• [INFORMATION SUPPLIED]
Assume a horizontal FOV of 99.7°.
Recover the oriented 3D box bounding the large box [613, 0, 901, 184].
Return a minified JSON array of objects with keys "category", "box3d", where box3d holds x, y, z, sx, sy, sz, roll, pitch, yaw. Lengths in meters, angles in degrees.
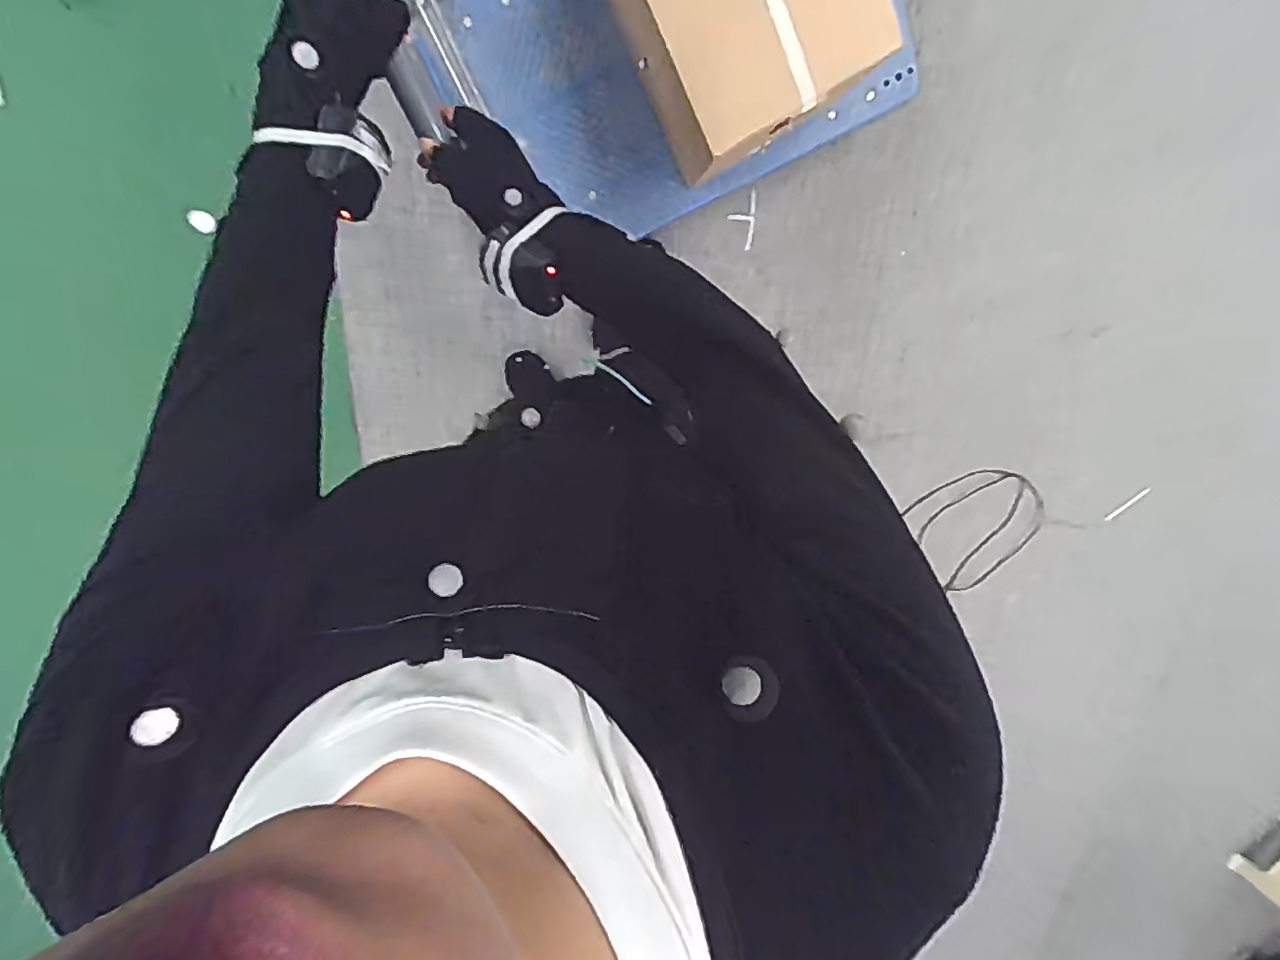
[{"category":"large box","box3d":[0.158,-0.788,0.898,0.320,0.320,0.408,-27,108,8]}]

• [WHAT TO DO] Could you write out verbatim only those lines that run from the line containing "Recover the oriented" through the end of the listing above, both included, without the pictures?

• [SOLUTION FOR THIS PROBLEM]
Recover the oriented 3D box bounding the large box [613, 0, 901, 184].
Return a minified JSON array of objects with keys "category", "box3d", where box3d holds x, y, z, sx, sy, sz, roll, pitch, yaw. Lengths in meters, angles in degrees.
[{"category":"large box","box3d":[0.158,-0.788,0.898,0.320,0.320,0.408,-27,108,8]}]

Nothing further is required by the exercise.